If that's worth 160 then I must've accidentally bought a mercedes


----------



## Eddy Cruze (Jan 10, 2014)

I live in the most severe area of the U.S. and the 2014 comes with 2 years of 'free maintenance'. I plan to pay nothing, and there is even fine print with the free maintenance which consists of 4 Oil changes, 4 Tire rotations if really done, and 112 points checked (4 x 27). I wonder in the fine print it says I must wait until my Oil Life monitor reads zero, or I can go every 6 months?


----------



## WhiteAndBright (Mar 4, 2013)

money_man said:


> What's the LOF?
> 
> Sent from AutoGuide.com Free App


Lube, Oil, Filter


This extraordinary insight brought to you from the confines of my iPhone..


----------



## Merc6 (Jun 8, 2013)

Psychomidgit said:


> Depends on the vehicle and where I buy the fluid. I do all the work myself because I don't trust either dealer up here. On this car I don't know because I just hit 7500 mi. The only fluid I never touched was power steering unless it leaked or I had to change a part of that system. But to give you an idea, my 15K for this vehicle will consist of this:
> -coolant drain and fill
> -brake fluid flush
> -clutch fluid flush
> ...


You should be good on power steering fluid indefinitely unless you are an overseas Cruze.

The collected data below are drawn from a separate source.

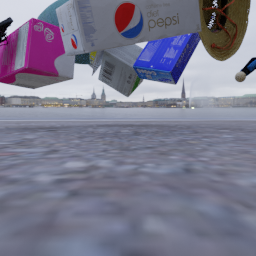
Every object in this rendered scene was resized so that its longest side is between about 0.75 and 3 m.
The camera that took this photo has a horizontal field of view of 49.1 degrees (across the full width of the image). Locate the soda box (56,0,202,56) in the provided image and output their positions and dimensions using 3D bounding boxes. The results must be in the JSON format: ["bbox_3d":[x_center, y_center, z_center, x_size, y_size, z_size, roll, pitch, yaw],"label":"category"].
[{"bbox_3d":[0.119,-2.093,5.473,2.771,0.882,0.944,-19,18,-29],"label":"soda box"}]

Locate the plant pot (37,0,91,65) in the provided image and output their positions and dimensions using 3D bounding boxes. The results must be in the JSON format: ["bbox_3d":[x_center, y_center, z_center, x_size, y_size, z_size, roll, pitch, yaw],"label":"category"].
[{"bbox_3d":[-2.060,-3.082,9.001,1.471,2.184,2.184,-7,3,-5],"label":"plant pot"}]

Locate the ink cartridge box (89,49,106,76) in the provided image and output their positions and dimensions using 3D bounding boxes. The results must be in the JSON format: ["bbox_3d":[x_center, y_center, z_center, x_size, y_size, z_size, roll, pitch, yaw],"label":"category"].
[{"bbox_3d":[-0.883,-3.553,11.429,0.536,2.254,2.281,34,-27,-6],"label":"ink cartridge box"}]

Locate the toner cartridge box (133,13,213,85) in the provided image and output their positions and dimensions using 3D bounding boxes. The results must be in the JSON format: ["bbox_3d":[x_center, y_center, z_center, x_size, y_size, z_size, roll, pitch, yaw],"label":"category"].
[{"bbox_3d":[1.405,-2.663,8.508,1.331,2.803,0.605,18,-21,36],"label":"toner cartridge box"}]

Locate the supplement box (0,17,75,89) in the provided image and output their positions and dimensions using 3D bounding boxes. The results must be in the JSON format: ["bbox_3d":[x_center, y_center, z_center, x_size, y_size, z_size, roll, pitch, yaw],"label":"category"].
[{"bbox_3d":[-2.546,-1.858,7.567,1.237,1.264,2.445,8,-4,-41],"label":"supplement box"}]

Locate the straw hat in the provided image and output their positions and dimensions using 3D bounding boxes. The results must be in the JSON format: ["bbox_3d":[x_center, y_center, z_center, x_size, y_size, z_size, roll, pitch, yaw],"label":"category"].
[{"bbox_3d":[2.017,-3.071,7.151,2.656,2.656,1.124,-2,15,-41],"label":"straw hat"}]

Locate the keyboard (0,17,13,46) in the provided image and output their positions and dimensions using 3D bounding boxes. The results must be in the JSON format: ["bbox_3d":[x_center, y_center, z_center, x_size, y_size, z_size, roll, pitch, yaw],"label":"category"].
[{"bbox_3d":[-3.433,-2.111,7.143,1.901,0.377,0.990,-26,27,34],"label":"keyboard"}]

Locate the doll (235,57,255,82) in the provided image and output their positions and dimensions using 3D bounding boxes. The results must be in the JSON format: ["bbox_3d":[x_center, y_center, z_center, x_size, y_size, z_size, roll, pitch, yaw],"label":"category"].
[{"bbox_3d":[3.990,-2.024,8.789,1.678,0.407,1.145,-38,-2,-9],"label":"doll"}]

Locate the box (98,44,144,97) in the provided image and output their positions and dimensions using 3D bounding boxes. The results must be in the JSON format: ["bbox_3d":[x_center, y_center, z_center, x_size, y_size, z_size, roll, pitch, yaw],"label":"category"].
[{"bbox_3d":[-0.124,-2.462,11.366,1.591,1.584,1.363,32,51,7],"label":"box"}]
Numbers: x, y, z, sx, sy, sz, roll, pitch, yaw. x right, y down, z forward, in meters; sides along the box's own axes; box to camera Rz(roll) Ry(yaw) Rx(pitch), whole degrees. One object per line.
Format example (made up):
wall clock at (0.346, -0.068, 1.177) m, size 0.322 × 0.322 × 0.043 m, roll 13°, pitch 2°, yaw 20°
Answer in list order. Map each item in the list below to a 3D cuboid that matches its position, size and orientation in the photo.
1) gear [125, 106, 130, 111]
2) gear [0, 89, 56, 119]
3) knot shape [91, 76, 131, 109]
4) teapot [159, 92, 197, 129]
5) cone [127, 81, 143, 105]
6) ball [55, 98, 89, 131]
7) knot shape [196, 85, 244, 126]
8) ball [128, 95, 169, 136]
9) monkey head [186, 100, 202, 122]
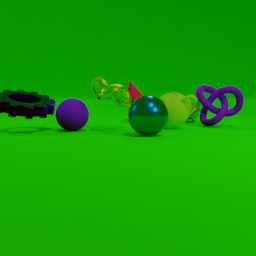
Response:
gear at (0.456, -0.640, 11.471) m, size 1.150 × 0.213 × 1.150 m, roll 22°, pitch 3°, yaw -1°
gear at (-2.890, -0.691, 7.818) m, size 1.660 × 0.307 × 1.660 m, roll 11°, pitch 19°, yaw -4°
knot shape at (-0.421, -1.011, 8.218) m, size 1.252 × 0.618 × 1.338 m, roll 16°, pitch 8°, yaw -34°
teapot at (1.224, -0.582, 8.457) m, size 1.876 × 1.167 × 0.919 m, roll -19°, pitch -50°, yaw 36°
cone at (0.170, -1.383, 10.549) m, size 0.867 × 0.870 × 0.867 m, roll -14°, pitch -6°, yaw -1°
ball at (-1.571, -0.377, 7.926) m, size 0.934 × 0.934 × 0.934 m, roll 0°, pitch 7°, yaw 0°
knot shape at (2.962, -0.812, 8.976) m, size 1.422 × 1.519 × 0.702 m, roll -9°, pitch -21°, yaw 14°
ball at (0.501, -0.308, 6.989) m, size 1.013 × 1.013 × 1.013 m, roll 0°, pitch 7°, yaw 0°
monkey head at (2.292, -0.751, 10.606) m, size 0.861 × 1.028 × 1.429 m, roll 26°, pitch 13°, yaw 19°

Check the fuse and press on to the next item on the list. 



Sent from my iFail 5s


----------



## money_man (Feb 25, 2014)

Eddy Cruze said:


> I live in the most severe area of the U.S. and the 2014 comes with 2 years of 'free maintenance'. I plan to pay nothing, and there is even fine print with the free maintenance which consists of 4 Oil changes, 4 Tire rotations if really done, and 112 points checked (4 x 27). I wonder in the fine print it says I must wait until my Oil Life monitor reads zero, or I can go every 6 months?


Did this information come with your car?


----------



## Robby (Mar 1, 2013)

That is classic, dealer developed, service menu selling of service.

Simple terms: Dealer developed scam to increase their income only.

If it isn't in the manual, it is a homemade service........a fool and his money are soon parted.

I have seen this scamming going on for over 50 years in the biz.....one would think folks will see through it but it never happens.....just keep falling for the same old scam.

Comon folks, just read the book and follow the guidlines and save yourself a ton of money......Chevy did a great job of creating a low maintenance expense car and wrote the book.

Eazy Peazy.

Rob


----------



## Eddy Cruze (Jan 10, 2014)

money_man said:


> Did this information come with your car?


Yes, there is even a web page. For those like me that put low mileage on their Cars I will get less than 4 Oil changes? Seems it goes by the interval in the manual plus the Oil Life monitor. I thought I had read this?


2 Years/24,000 Miles of Included Scheduled Maintenance[SUP]†[/SUP] No one knows your vehicle better than the Chevrolet Certified Service Experts. They carefully assess and care for your vehicle while keeping a detailed history of your maintenance visits. Included with your purchase of any 2014 vehicle purchased after May 1, 2013, this expert care ensures your vehicle’s overall performance for the long run. Services include:


Replace engine oil and oil filter (excludes Spark EV)
A thorough 27-point vehicle inspection provides a detailed assessment from Chevrolet Certified Technicians
4-wheel tire rotation (excludes dual rear wheel vehicles, all Corvette models and select Camaro models – ZL1 model and 1LE package cars – due to their unidirectional tires. See the Owner’s Manual for details.)


http://www.chevrolet.com/comprehensive-coverage.html


----------



## Psychomidgit (Jun 9, 2013)

Sometimes I wonder about that....


----------



## chevycruze2012 (Nov 13, 2012)

obermd said:


> From the 2014 Owner's Manual - Severe Service chart:
> 
> Rotate tires and perform Required Services.
> Check engine oil level and oil life percentage.
> ...


 *What do you mean "leave a lot of routine services out"?. Are you talking about additional recommended mileage services?. I figured they would keep all this up to date.*


----------



## spacedout (Dec 7, 2010)

chevycruze2012 said:


> *What do you mean "leave a lot of routine services out"?. Are you talking about additional recommended mileage services?. I figured they would keep all this up to date.*


They changed the mileage on some things and added others. Just download the most current manual from GM website and compare the service interval in the back to your current manual.


----------



## chevycruze2012 (Nov 13, 2012)

spacedout said:


> They changed the mileage on some things and added others. Just download the most current manual from GM website and compare the service interval in the back to your current manual.


 *Oh I see. Well ill go to Chevrolet.com and look at that owners manual for the 2014 cruze to compare. If anything else, ill just get the paper copy of the owners manual for a 2014.*


----------